Although Landon Cawood primarily only played one sport in high school, golf, he was involved in a wide variety of organizations both inside and outside of Northridge High School. He also was one of the top students at the school, graduating with a 4.23 GPA.
It was for those reasons that Cawood was nominated by Northridge Assistant Athletic Director Brad Frank as the school’s selection for The Goshen News’ 2021 Unsung Athletes series.
It’s pretty cool, said Cawood on the nomination. I didn’t expect it, that’s for sure. It’s definitely a cool experience.
Cawood started playing golf when he would make visits to his grandfather, Barrett, in Virginia each spring.
He was a big-time golfer — I think he actually won some senior tournament in Virginia once, Cawood said. He was pretty good, and I would come up every spring to his house and just play golf with him.
After playing on the junior high team at Northridge, Cawood started taking the game more seriously going into his freshman year. Cawood said that was the first time he went to his grandfather’s house strictly to play golf, working on his game with his grandpa.
Cawood was on the junior varsity team his freshman year of high school, then a varsity member his sophomore year. Northridge struggled both seasons, not making it out of the sectional in either year. Then, the 2020 season was canceled due to the COVID-19 pandemic, meaning Cawood missed out on his junior season.
All of this would set up the success Cawood and the Raiders would find this spring, however.
ENDING ON A HIGH NOTE
Going into his final year of high school sports, Cawood’s mentality remained the same as the prior seasons.
I really just wanted to have fun, just like every other season, Cawood said. I wasn’t really interested in going further with golf, like playing in college or anything. I was just like, ‘Let’s just go and have fun. And if the team’s good, we’ll enjoy it. And if not, we’ll enjoy it anyway.’
Cawood was consistently in the Northridge lineup this year, usually playing in the No. 3 or No. 4 position. The Raiders were much improved from 2019, contending for the Northern Lakes Conference title with state-ranked Warsaw. Although Northridge fell just short of an NLC crown, they were able to breakthrough and win a sectional title on their home course of Meadow Valley Golf Club in Middlebury.
Being able to find success his senior year was even more rewarding, in Cawood’s mind.
It was definitely awesome to finish it out the way we did, Cawood said.
Northridge boys golf coach Todd King had nothing but praise for the lone senior on the roster.
Landon was a captain for us this past season and did a phenomenal job leading his teammates, King said. He kept his teammates focused and very positive throughout the course of the season. Landon’s 84 that he shot in our sectional helped us with securing the sectional championship. … Landon has been a great role model for his peers. He’s one of those kids that does the little things right.
Along with playing on the boys’ team, Cawood was a manager for the girls golf team his senior year.
On match day, I would go take scores and everything; put them into the computer, said Cawood of his managerial responsibilities. At practice, I would just practice with them and be an extra body in case they needed to even out drills, player-wise, or I’d go get range balls. All that kind of stuff.
Cawood wasn’t just a golfer at Northridge. He also spent seven years (middle school and high school) playing the trumpet in the pep band. In high school, he was a member of the student council and National Honor Society, as well as a group called Optimus Club that would volunteer time at the Middlebury food pantry.

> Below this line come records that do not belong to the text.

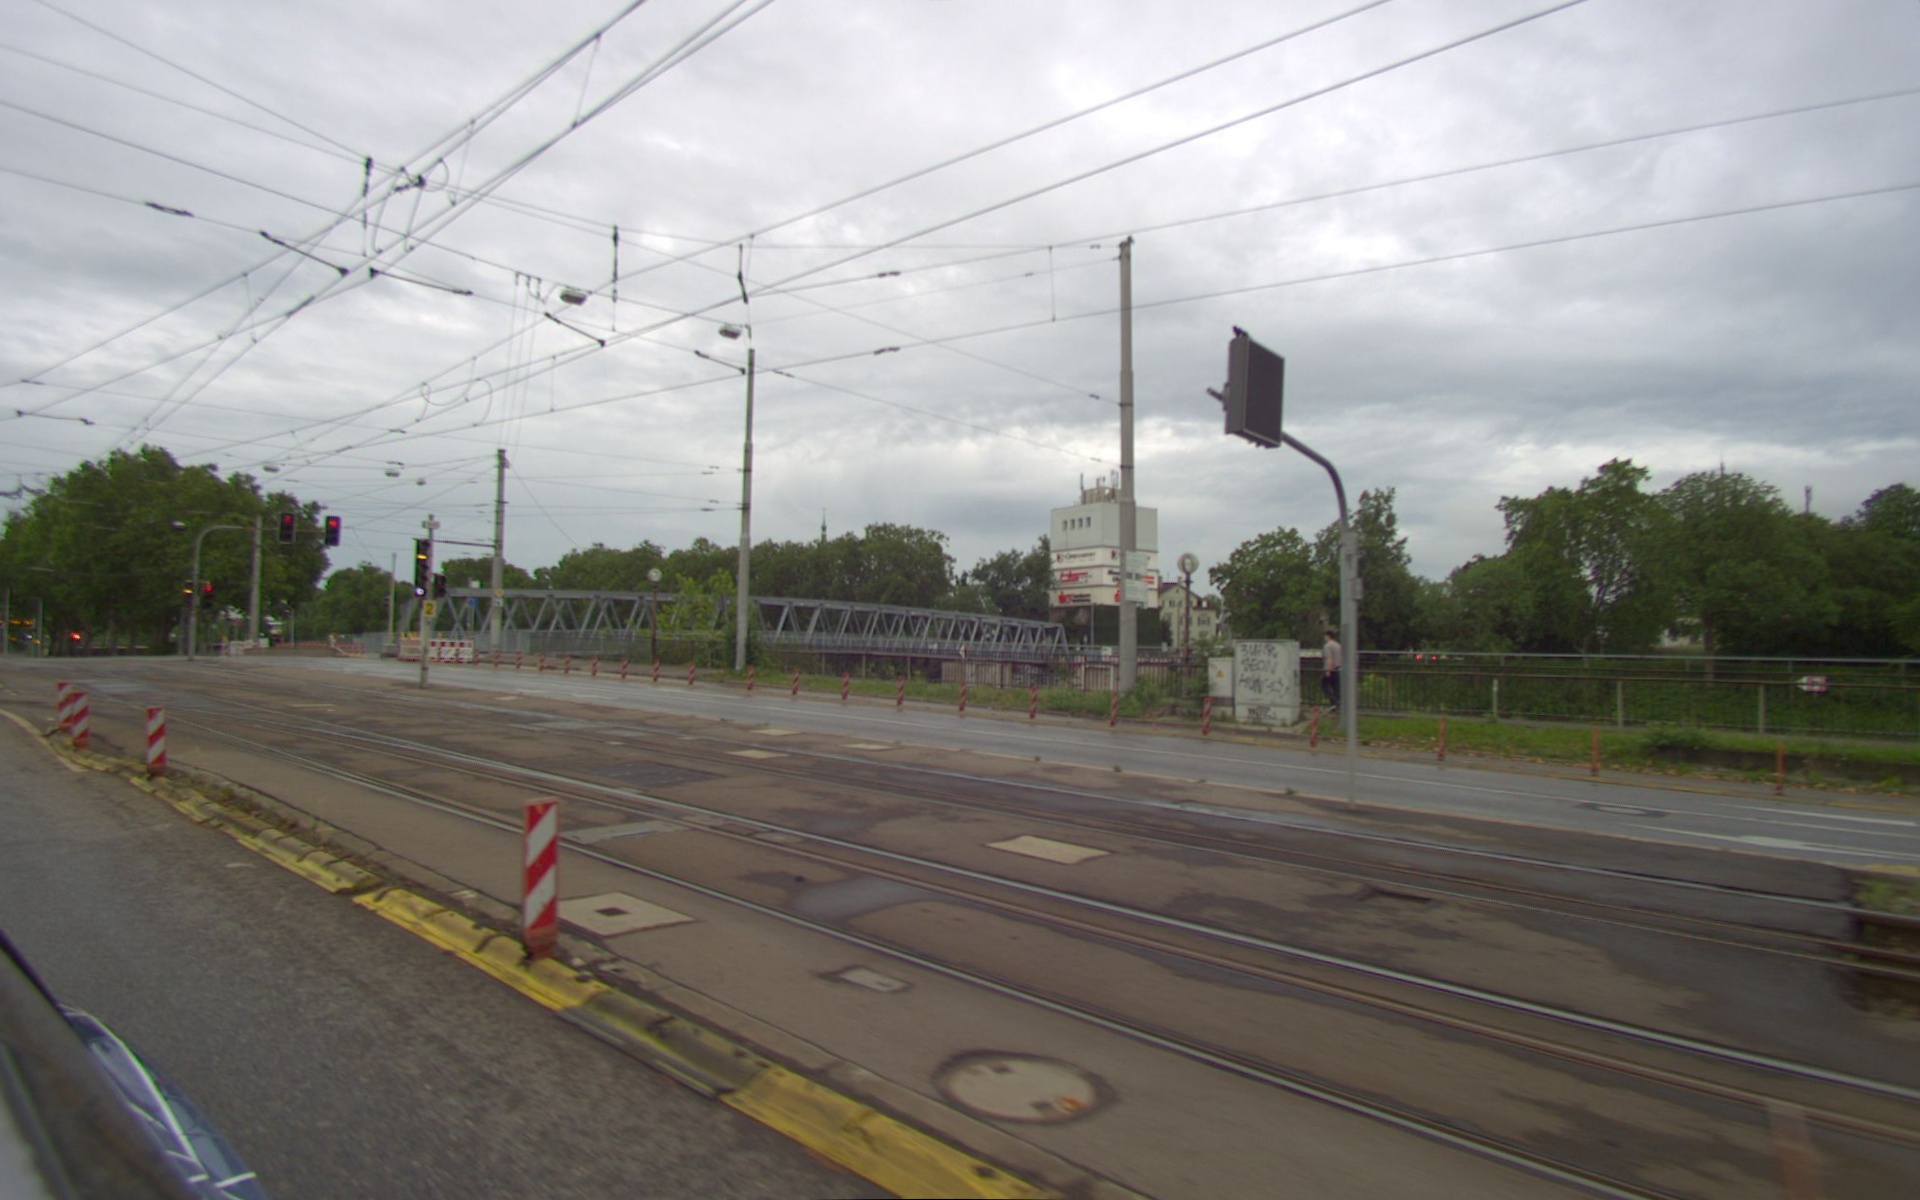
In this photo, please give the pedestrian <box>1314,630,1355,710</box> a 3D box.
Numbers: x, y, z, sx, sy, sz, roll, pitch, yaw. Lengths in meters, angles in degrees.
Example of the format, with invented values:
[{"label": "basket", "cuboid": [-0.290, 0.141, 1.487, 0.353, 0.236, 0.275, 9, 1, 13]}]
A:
[{"label": "pedestrian", "cuboid": [8.194, 1.518, 22.118, 0.618, 1.701, 0.756, -2, -4, 41]}]

Helping others is something that’s been a huge part of Cawood’s life. He’s been able to do that through his time as a member of the Boy Scouts, working his way up to the rank of Eagle Scout last year.
My older brother (Colton) was also in scouting, and he obtained his rank of Eagle, Cawood said. He’s a few years older than me … when he got his Eagle Scout, I thought that was really cool. That helped keep me in the program and keep me working for it.
Cawood wants to make helping people, specifically children, his career now. The recent high school graduate will be attending Indiana University in the fall to study biology. He hopes to then go to medical school, with a plan to become a pediatrician.
I was mainly drawn to the medical field because both of my parents are veterinarians, so I’ve had that experience with medicine growing up in this household, Cawood said. I’ve gotten to go on calls with my father, who’s a large animal vet and just get to experience that. I never really wanted to do anything else other than medicine.
And then, through Boy Scouts, I worked at a summer camp where I got to teach the younger scouts rank advancement, so that got me into helping kids out and stuff. So, they kind of just fit right together for pediatrics.
Cawood said he wouldn’t have been able to do what he did without the support of his family and coaches.
I definitely want to thank my family and all of that because they’ve definitely been a big help, Cawood said. Grandparents, too, and my coaches — they’ve definitely been a big help, too.